### Task
Without copying any picture, transcribe exactly the lines of the data below from the one containing "Some wall defects seen above (1024x683" through the one containing "Some wall defects seen above (1393x1069".

### Data
--- START ---
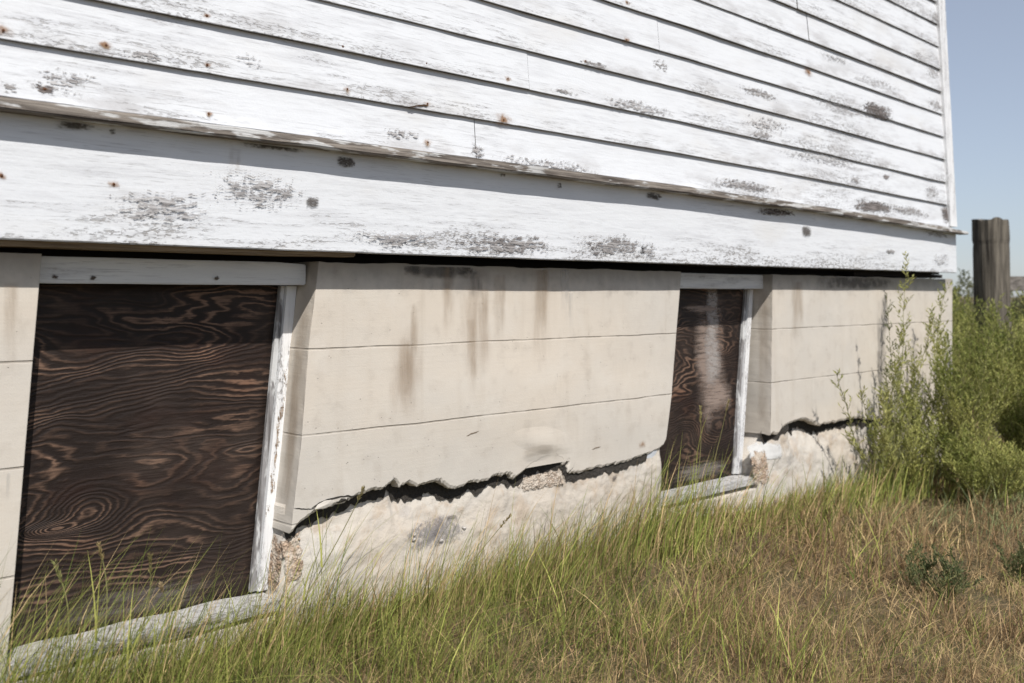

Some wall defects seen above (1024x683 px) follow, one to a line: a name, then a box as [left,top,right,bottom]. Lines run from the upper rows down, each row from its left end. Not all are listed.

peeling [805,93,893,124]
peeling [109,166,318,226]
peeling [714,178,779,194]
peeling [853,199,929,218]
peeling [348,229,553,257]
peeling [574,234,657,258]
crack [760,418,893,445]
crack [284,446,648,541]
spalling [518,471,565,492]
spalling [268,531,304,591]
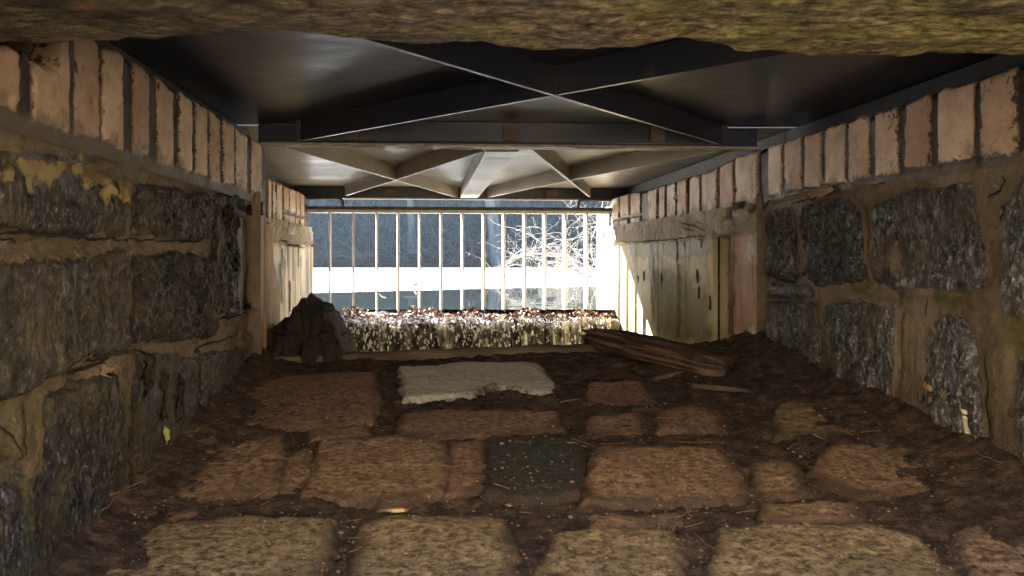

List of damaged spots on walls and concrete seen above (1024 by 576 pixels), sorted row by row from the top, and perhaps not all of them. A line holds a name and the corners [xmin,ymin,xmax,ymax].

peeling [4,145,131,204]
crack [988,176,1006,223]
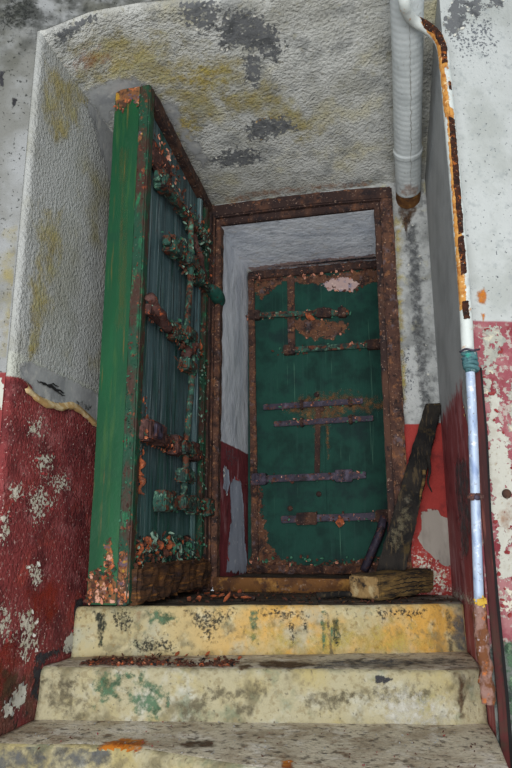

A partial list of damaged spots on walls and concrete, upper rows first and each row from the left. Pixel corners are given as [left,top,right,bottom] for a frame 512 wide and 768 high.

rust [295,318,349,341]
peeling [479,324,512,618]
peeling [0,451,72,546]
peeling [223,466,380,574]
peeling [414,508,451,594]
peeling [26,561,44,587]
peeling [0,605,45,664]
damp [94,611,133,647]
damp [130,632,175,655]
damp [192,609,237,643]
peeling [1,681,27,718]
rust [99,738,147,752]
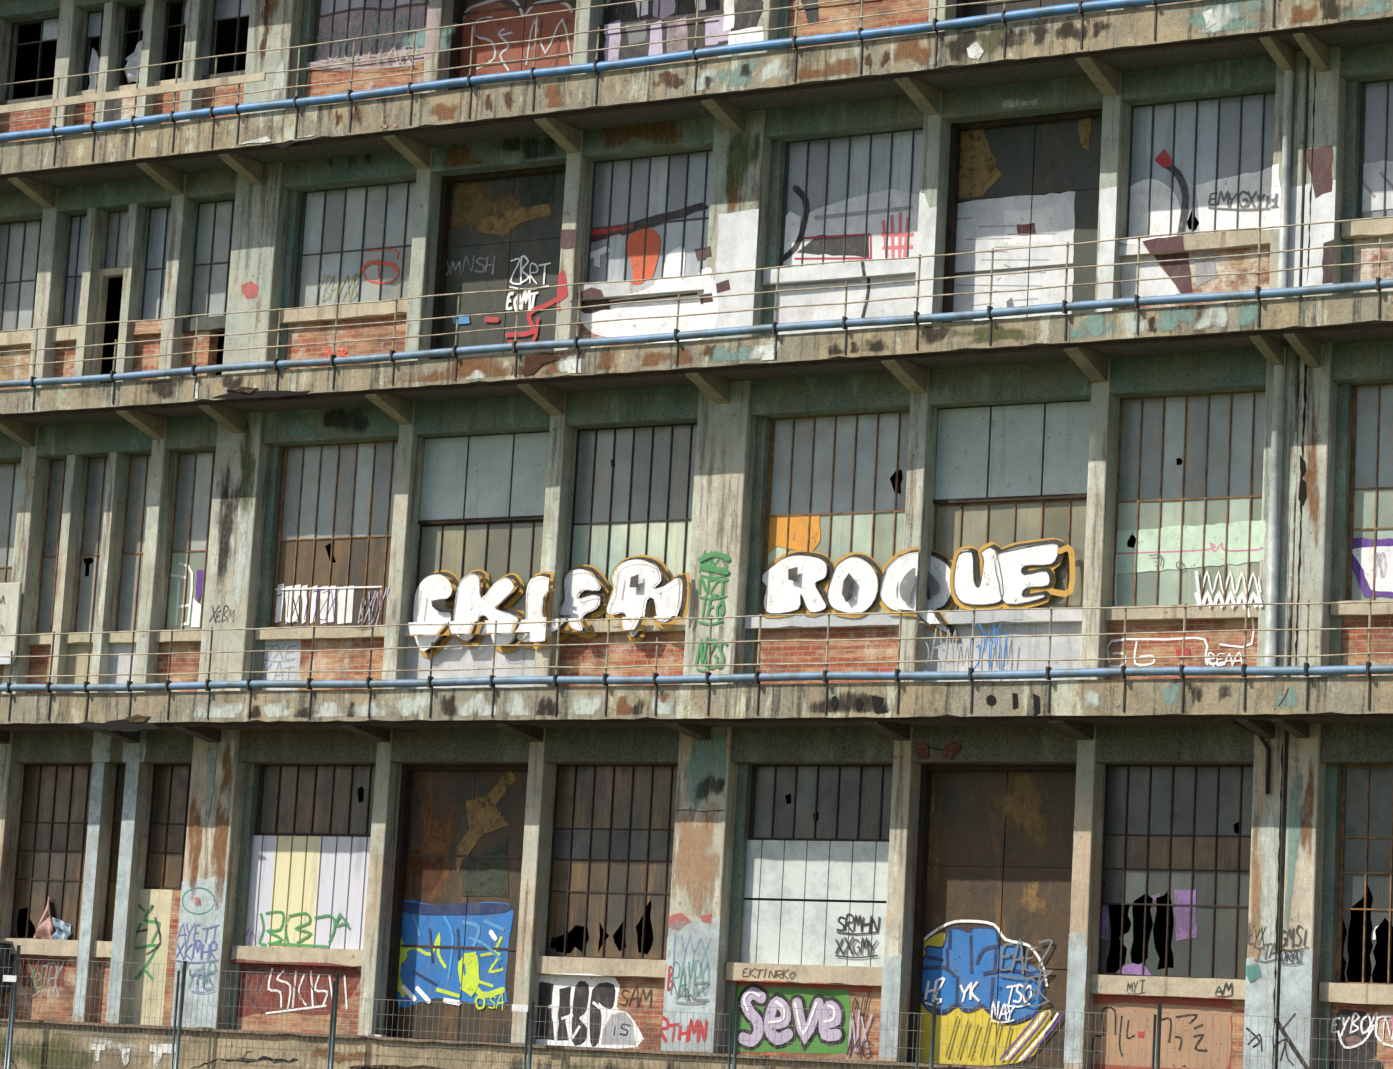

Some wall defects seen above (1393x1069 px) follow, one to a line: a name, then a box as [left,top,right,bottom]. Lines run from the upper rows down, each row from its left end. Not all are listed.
--- END ---
--- START ---
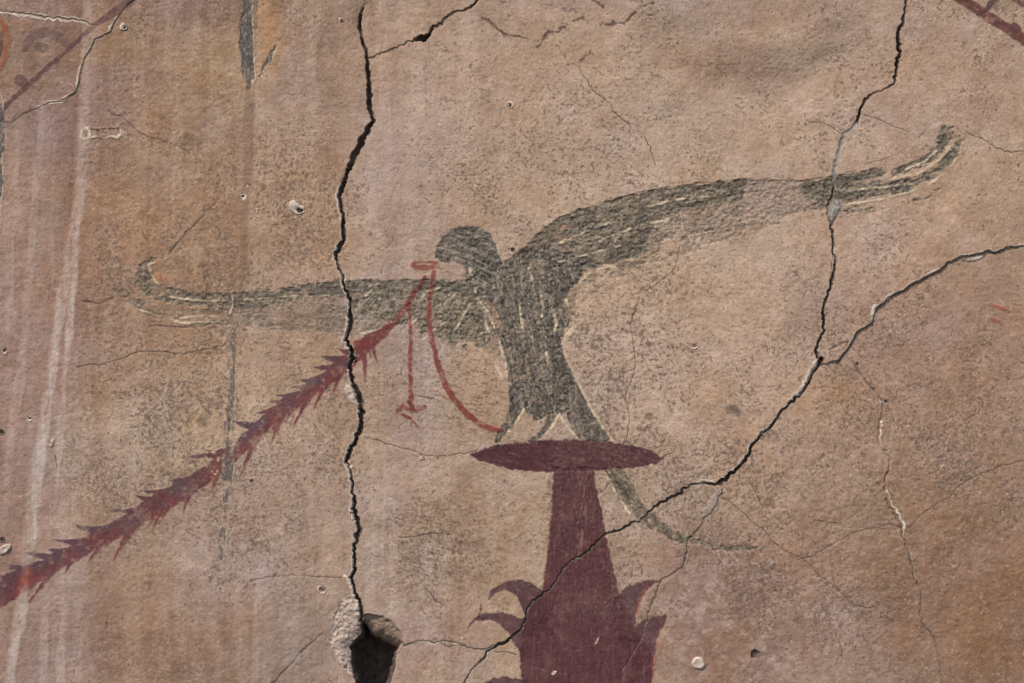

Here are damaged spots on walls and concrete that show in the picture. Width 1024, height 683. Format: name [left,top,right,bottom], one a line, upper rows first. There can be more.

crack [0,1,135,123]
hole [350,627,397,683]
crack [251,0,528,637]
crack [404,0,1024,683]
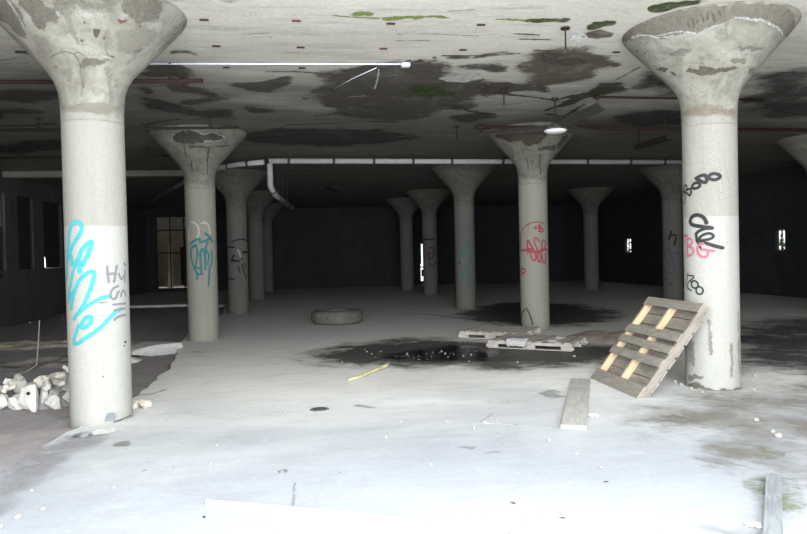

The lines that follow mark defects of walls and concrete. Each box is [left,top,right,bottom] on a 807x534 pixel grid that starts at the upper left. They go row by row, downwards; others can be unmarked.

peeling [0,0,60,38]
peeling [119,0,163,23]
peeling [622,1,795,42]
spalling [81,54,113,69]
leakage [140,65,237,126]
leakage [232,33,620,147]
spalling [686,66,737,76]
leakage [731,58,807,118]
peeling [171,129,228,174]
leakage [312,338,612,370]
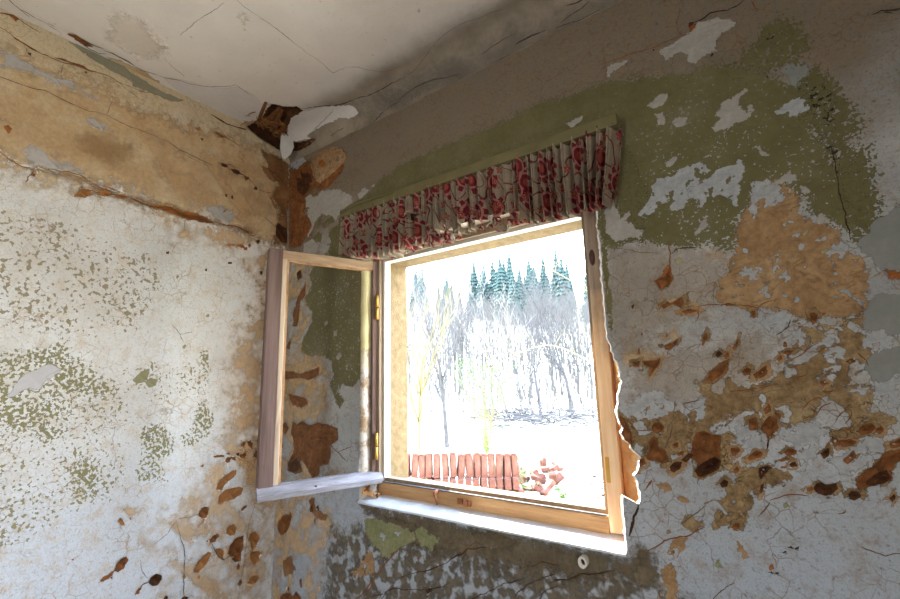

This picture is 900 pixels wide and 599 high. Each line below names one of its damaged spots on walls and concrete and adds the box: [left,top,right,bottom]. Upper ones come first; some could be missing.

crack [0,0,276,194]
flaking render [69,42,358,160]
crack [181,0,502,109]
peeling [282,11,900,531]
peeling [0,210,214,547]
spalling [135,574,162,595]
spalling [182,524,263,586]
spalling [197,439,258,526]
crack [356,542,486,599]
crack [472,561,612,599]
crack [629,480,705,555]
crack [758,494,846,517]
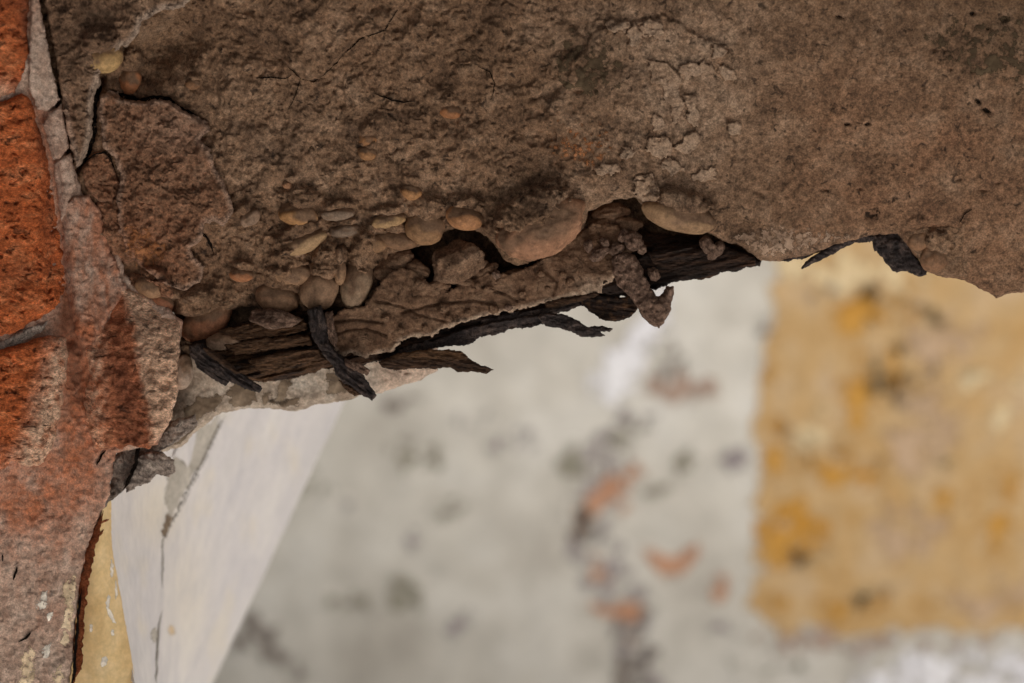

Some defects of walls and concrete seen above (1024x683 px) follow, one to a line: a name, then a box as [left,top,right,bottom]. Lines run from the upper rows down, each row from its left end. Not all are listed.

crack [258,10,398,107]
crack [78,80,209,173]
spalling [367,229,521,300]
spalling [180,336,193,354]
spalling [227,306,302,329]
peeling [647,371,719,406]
--- END ---
### The answer
Some wall defects seen above (1024x683 px) follow, one to a line: a name, then a box as [left,top,right,bottom]. Lines run from the upper rows down, each row from its left end. Not all are listed.

peeling [805,93,893,124]
peeling [109,166,318,226]
peeling [714,178,779,194]
peeling [853,199,929,218]
peeling [348,229,553,257]
peeling [574,234,657,258]
crack [760,418,893,445]
crack [284,446,648,541]
spalling [518,471,565,492]
spalling [268,531,304,591]

List of damaged spots on walls and concrete seen above (1024 by 576 pixels), sorted row by row from the top, and perhaps not all of them. A line holds a name and the corners [xmin,ymin,xmax,ymax].

peeling [4,145,131,204]
crack [988,176,1006,223]

A partial list of damaged spots on walls and concrete, upper rows first and each row from the left. Pixel corners are given as [left,top,right,bottom] for a frame 512 wide and 768 high.

rust [295,318,349,341]
peeling [479,324,512,618]
peeling [0,451,72,546]
peeling [223,466,380,574]
peeling [414,508,451,594]
peeling [26,561,44,587]
peeling [0,605,45,664]
damp [94,611,133,647]
damp [130,632,175,655]
damp [192,609,237,643]
peeling [1,681,27,718]
rust [99,738,147,752]

Some wall defects seen above (1393x1069 px) follow, one to a line: a name, then a box as [left,top,right,bottom]. Lines run from the upper rows down, each row from its left end. Not all are listed.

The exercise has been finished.